(WHAT IS REQUIRED): Restate word for word the span that opens with the line containing "view of 52.2" and closes with the final line of the data; give only those lines.
═══
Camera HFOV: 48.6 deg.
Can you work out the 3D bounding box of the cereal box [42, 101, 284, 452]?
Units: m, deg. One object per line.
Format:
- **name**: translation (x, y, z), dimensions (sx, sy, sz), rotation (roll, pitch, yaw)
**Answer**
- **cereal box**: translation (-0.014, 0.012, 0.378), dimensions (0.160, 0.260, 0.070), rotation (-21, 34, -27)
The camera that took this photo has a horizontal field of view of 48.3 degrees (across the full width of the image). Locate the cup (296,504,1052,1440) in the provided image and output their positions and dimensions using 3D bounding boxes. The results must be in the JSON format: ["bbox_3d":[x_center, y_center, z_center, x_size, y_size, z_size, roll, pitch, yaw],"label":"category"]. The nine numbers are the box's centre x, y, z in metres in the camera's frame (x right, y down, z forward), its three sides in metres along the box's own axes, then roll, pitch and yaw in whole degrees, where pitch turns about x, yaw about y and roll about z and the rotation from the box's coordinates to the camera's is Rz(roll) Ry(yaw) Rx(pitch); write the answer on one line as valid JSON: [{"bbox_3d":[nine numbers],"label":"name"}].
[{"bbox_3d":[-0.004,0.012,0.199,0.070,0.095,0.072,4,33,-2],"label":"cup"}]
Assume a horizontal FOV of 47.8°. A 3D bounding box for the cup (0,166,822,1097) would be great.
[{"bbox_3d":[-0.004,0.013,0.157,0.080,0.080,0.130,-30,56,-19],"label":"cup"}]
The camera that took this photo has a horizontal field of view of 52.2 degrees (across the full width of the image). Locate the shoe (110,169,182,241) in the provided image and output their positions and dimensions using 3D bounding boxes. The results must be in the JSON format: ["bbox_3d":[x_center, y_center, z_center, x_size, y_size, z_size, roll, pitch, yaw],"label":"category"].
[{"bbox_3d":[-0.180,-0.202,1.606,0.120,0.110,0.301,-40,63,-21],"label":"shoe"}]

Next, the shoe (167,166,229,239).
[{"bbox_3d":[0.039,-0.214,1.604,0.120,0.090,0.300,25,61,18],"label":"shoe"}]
═══
(ANSWER FOR THIS EXERCISE):
The camera that took this photo has a horizontal field of view of 52.2 degrees (across the full width of the image). Locate the shoe (110,169,182,241) in the provided image and output their positions and dimensions using 3D bounding boxes. The results must be in the JSON format: ["bbox_3d":[x_center, y_center, z_center, x_size, y_size, z_size, roll, pitch, yaw],"label":"category"].
[{"bbox_3d":[-0.180,-0.202,1.606,0.120,0.110,0.301,-40,63,-21],"label":"shoe"}]

Next, the shoe (167,166,229,239).
[{"bbox_3d":[0.039,-0.214,1.604,0.120,0.090,0.300,25,61,18],"label":"shoe"}]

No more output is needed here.